## Exercise description
Please repeat every entry exactly as written, but skip the pictures.

(Input)

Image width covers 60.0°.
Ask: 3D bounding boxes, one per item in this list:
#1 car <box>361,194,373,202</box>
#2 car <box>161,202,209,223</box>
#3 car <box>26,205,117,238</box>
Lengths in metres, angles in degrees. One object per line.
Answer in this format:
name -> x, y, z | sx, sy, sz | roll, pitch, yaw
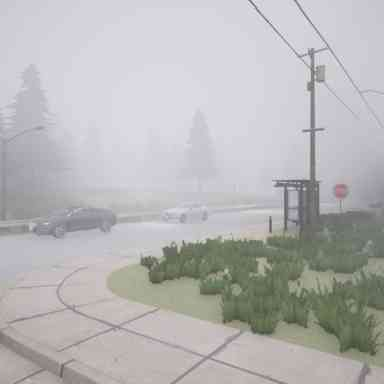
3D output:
car -> 40.336, 1.356, 76.528 | 2.097, 1.767, 4.553 | 0, 0, 36
car -> -0.410, 1.527, 25.912 | 1.812, 1.442, 4.674 | 0, 0, 36
car -> -6.257, 1.492, 17.840 | 2.128, 1.511, 4.902 | 0, 0, 36
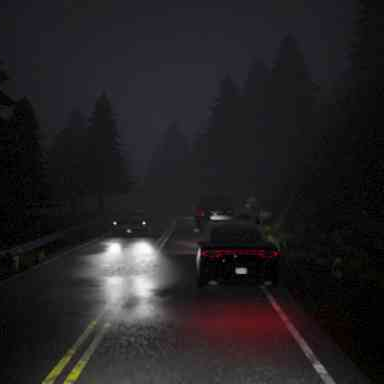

(End Input)

## Response to the exercise
Image width covers 60.0°.
Ask: 3D bounding boxes, one per item in this list:
#1 car <box>361,194,373,202</box>
#2 car <box>161,202,209,223</box>
#3 car <box>26,205,117,238</box>
Lengths in metres, angles in degrees. One object per line.
Answer in this format:
name -> x, y, z | sx, sy, sz | roll, pitch, yaw
3D output:
car -> 40.336, 1.356, 76.528 | 2.097, 1.767, 4.553 | 0, 0, 36
car -> -0.410, 1.527, 25.912 | 1.812, 1.442, 4.674 | 0, 0, 36
car -> -6.257, 1.492, 17.840 | 2.128, 1.511, 4.902 | 0, 0, 36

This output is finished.